A peine sa tête s’est-elle posée sur la taie d’oreiller que la jeune femme entend un bruit de verre cassé provenant de la rue. Elle s’énerve :
« Nom de dieu ! Ils font chier ces ouvriers à ramasser leurs déchets à l’aube ! »
Catherine s’assied avec violence sur son lit. Elle s’apprête à retirer le rideau pour mieux voir les agents de propreté quand elle remarque un panneau de signalisation encastré dans la partie
avant de sa voiture.
« Saleté », lâche-t-elle. Elle enfile ses pantoufles, descend en trombe jusqu’au rez-de-chaussée et se rue près de sa voiture l’air catastrophé. Le sol est humide, elle comprend à cet instant que
la nuit a été mouvementée dans sa rue. Un de ses voisins s’approche, il est encore en pyjama.
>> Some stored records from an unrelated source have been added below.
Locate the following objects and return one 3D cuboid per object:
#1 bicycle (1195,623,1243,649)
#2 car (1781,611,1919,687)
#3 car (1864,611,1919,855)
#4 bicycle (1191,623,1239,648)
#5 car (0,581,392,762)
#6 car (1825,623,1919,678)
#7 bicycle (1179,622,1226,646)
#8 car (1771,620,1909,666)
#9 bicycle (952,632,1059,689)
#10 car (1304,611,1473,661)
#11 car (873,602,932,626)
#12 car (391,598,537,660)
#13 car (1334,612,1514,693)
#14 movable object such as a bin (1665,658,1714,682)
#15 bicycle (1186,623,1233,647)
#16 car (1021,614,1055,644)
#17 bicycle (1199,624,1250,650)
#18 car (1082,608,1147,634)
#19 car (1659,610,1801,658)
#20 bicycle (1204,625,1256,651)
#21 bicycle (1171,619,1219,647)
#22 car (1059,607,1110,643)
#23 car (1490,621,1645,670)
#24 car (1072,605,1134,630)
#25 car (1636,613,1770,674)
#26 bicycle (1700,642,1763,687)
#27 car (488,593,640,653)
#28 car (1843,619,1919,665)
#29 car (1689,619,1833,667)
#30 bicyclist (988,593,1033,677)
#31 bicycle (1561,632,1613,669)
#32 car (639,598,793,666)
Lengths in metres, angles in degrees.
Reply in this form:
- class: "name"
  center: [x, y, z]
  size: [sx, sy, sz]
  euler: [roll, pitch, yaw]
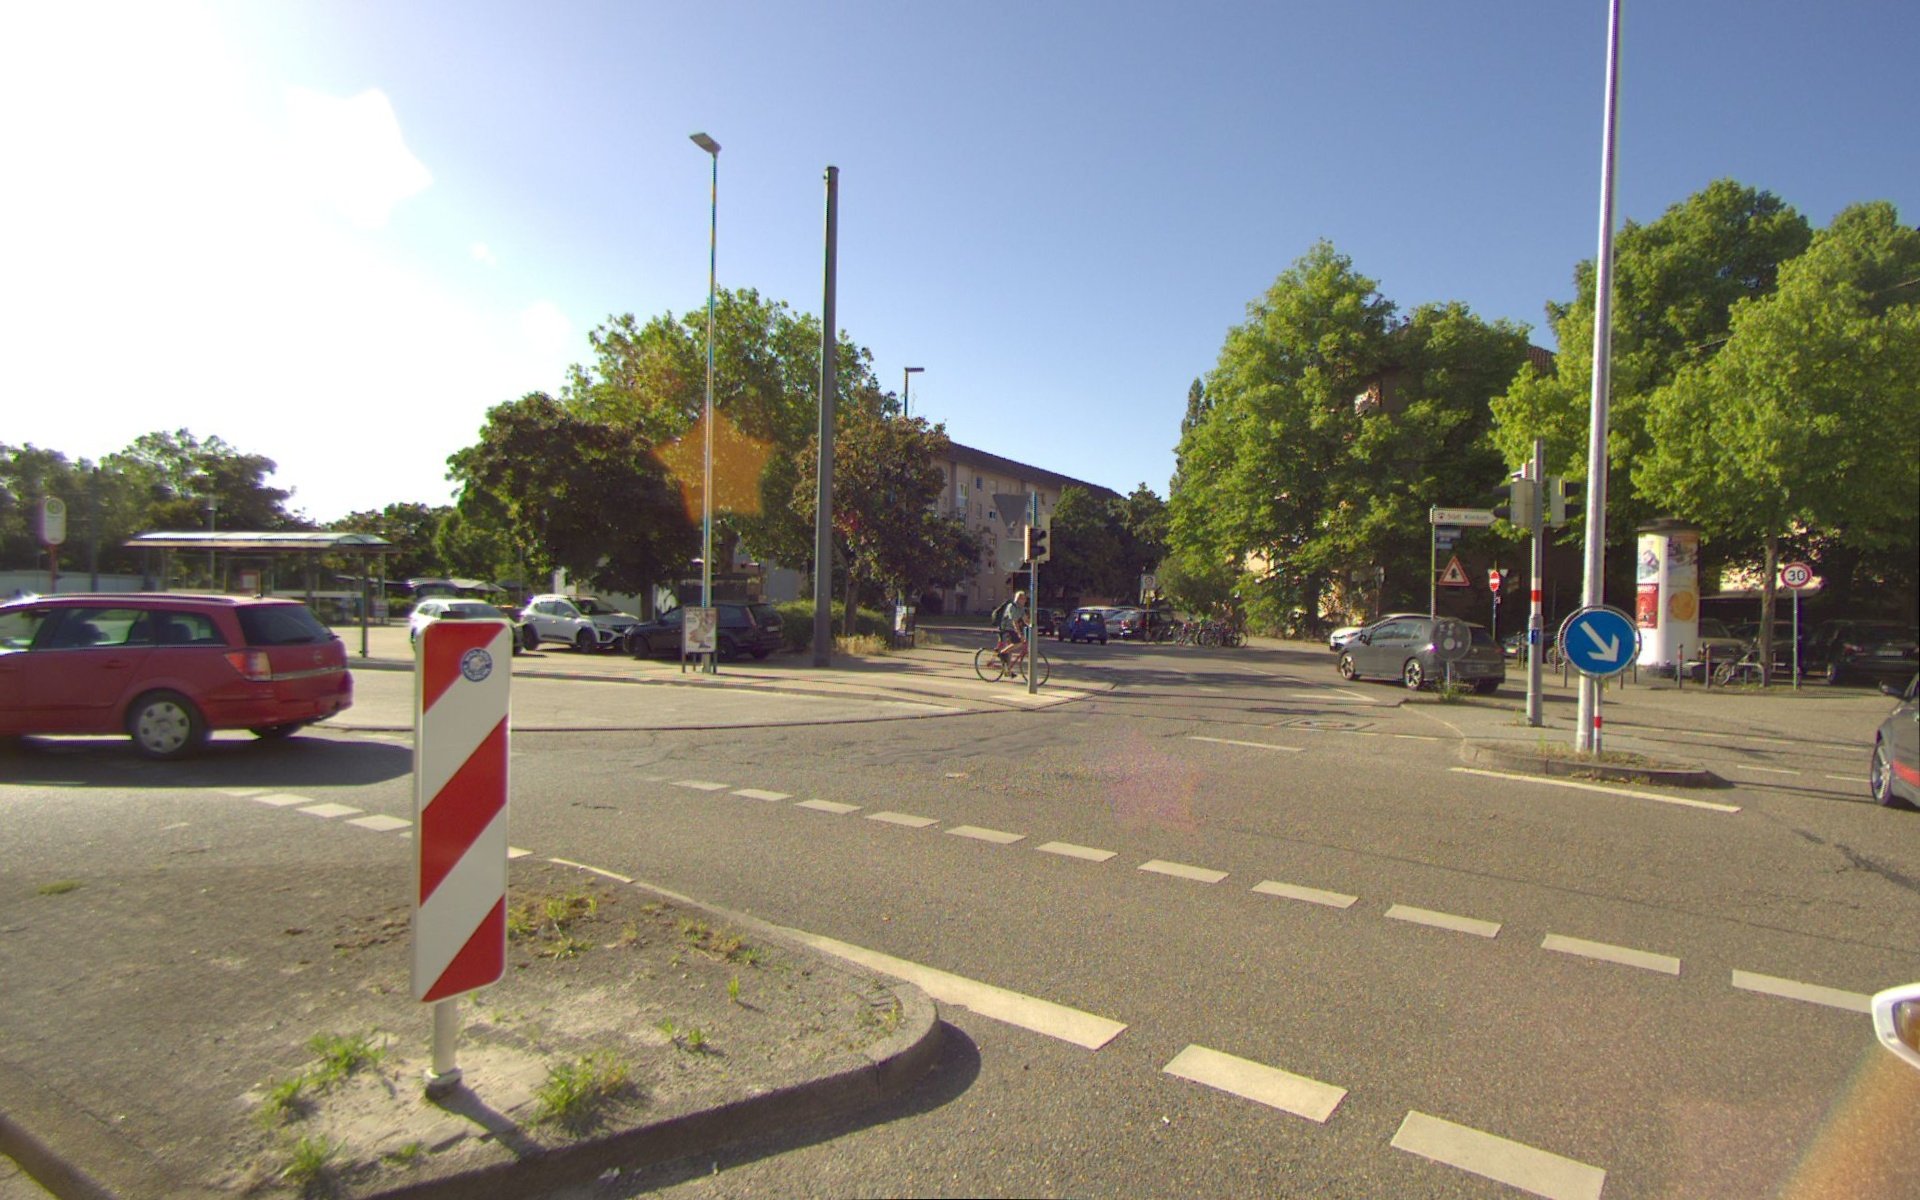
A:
- class: "bicycle"
  center: [10.898, 1.514, 42.252]
  size: [1.999, 1.045, 0.467]
  euler: [1, 0, -13]
- class: "car"
  center: [23.684, 1.229, 26.720]
  size: [1.802, 1.694, 4.332]
  euler: [1, 2, 25]
- class: "car"
  center: [7.284, 0.879, 6.615]
  size: [1.595, 1.582, 3.246]
  euler: [1, 0, 36]
- class: "bicycle"
  center: [10.872, 1.521, 42.752]
  size: [1.999, 1.045, 0.447]
  euler: [1, 0, -13]
- class: "car"
  center: [-8.295, 0.627, 9.721]
  size: [4.400, 1.573, 1.998]
  euler: [1, 0, -5]
- class: "car"
  center: [27.383, 1.446, 29.414]
  size: [1.786, 1.441, 3.949]
  euler: [1, 0, 20]
- class: "bicycle"
  center: [10.608, 1.479, 43.920]
  size: [1.999, 1.045, 0.447]
  euler: [1, 0, -13]
- class: "car"
  center: [33.527, 1.624, 38.325]
  size: [3.873, 1.590, 1.758]
  euler: [1, 0, -4]
- class: "bicycle"
  center: [0.879, 1.149, 19.474]
  size: [1.910, 0.999, 0.829]
  euler: [1, -1, 26]
- class: "car"
  center: [14.539, 1.209, 34.314]
  size: [4.936, 1.539, 1.924]
  euler: [1, 0, 2]
- class: "car"
  center: [-4.632, 1.139, 80.831]
  size: [4.349, 1.822, 2.064]
  euler: [1, -1, 31]
- class: "car"
  center: [-13.575, 0.762, 27.490]
  size: [3.527, 1.528, 1.683]
  euler: [1, 0, 24]
- class: "car"
  center: [9.642, 1.038, 21.213]
  size: [1.653, 1.528, 3.753]
  euler: [1, 0, -9]
- class: "movable object such as a bin"
  center: [19.035, 1.823, 26.204]
  size: [1.099, 0.572, 0.574]
  euler: [1, 0, -25]
- class: "bicycle"
  center: [10.774, 1.516, 43.348]
  size: [1.999, 1.045, 0.447]
  euler: [1, 0, -13]
- class: "car"
  center: [4.243, 1.582, 55.194]
  size: [1.650, 1.528, 3.597]
  euler: [1, 0, 2]
- class: "bicycle"
  center: [10.975, 1.531, 41.693]
  size: [1.999, 1.045, 0.569]
  euler: [1, 0, -13]
- class: "car"
  center: [9.172, 1.246, 59.576]
  size: [3.550, 1.501, 1.609]
  euler: [1, 0, -30]
- class: "car"
  center: [28.740, 1.257, 37.543]
  size: [4.167, 1.662, 1.758]
  euler: [1, 0, -6]
- class: "bicycle"
  center: [11.007, 1.555, 40.977]
  size: [1.999, 1.045, 0.569]
  euler: [1, 0, -13]
- class: "bicycle"
  center: [10.426, 1.464, 44.583]
  size: [1.999, 1.192, 0.666]
  euler: [1, 0, -13]
- class: "car"
  center: [5.589, 1.117, 45.407]
  size: [1.651, 1.528, 3.594]
  euler: [1, 0, -3]
- class: "car"
  center: [20.814, 1.536, 34.492]
  size: [4.218, 1.539, 1.908]
  euler: [1, 0, -4]
- class: "car"
  center: [8.887, 1.076, 62.419]
  size: [3.550, 1.501, 1.609]
  euler: [1, 0, -30]
- class: "car"
  center: [21.669, 1.218, 29.479]
  size: [1.884, 1.632, 4.002]
  euler: [1, -1, 16]
- class: "bicycle"
  center: [19.072, 1.585, 24.838]
  size: [1.566, 1.086, 0.352]
  euler: [1, 0, -16]
- class: "car"
  center: [-11.493, 0.651, 29.198]
  size: [3.922, 1.601, 1.799]
  euler: [1, -1, 21]
- class: "car"
  center: [33.007, 1.455, 34.720]
  size: [3.879, 1.506, 1.756]
  euler: [1, 0, -11]
- class: "car"
  center: [27.323, 1.458, 34.306]
  size: [3.879, 1.506, 1.756]
  euler: [1, 0, -11]
- class: "bicyclist"
  center: [0.982, 0.662, 19.433]
  size: [0.585, 1.585, 0.827]
  euler: [1, -1, 26]
- class: "bicycle"
  center: [19.021, 1.536, 30.477]
  size: [1.566, 1.086, 0.352]
  euler: [1, 0, -16]
- class: "car"
  center: [-6.228, 0.767, 25.622]
  size: [3.527, 1.528, 1.682]
  euler: [1, 2, 24]

« - Ah Catherine, c’est toi ! Ta voiture a morflé mais au moins …
Elle est à deux doigts de l’insulter quand, en se retournant, elle remarque que sa rue et celles environnantes sont en piteux état. Chaque maison est abîmée ; il leur manque la toiture ou un bout
de façade. Voire les deux. Les fils électriques pendouillent à quelques mètres seulement du sol. Les panneaux penchent, reposent à terre ou sur les automobiles. Catherine voit des policiers, des
ambulanciers et des pompiers dans chaque coin. Ils s’affèrent dans tous les sens. Son voisin poursuit sa phrase :
- … ta maison n’a rien.
Il a raison : elle ne présente aucun dégât. Pas même une vitre brisée.
- Que s’est-il passé ?
- Les flics disent qu’on a été touchés par une mini-tornade.
Catherine a envie de rire en entendant le mot « mini ». Vu la calamité, elle s’arrête à la dénomination « tornade ».
- Tu n’as vraiment rien entendu ? C’est vrai ? s’interroge le voisin.
- Non, j’étais crevée et je suis tombée comme une masse…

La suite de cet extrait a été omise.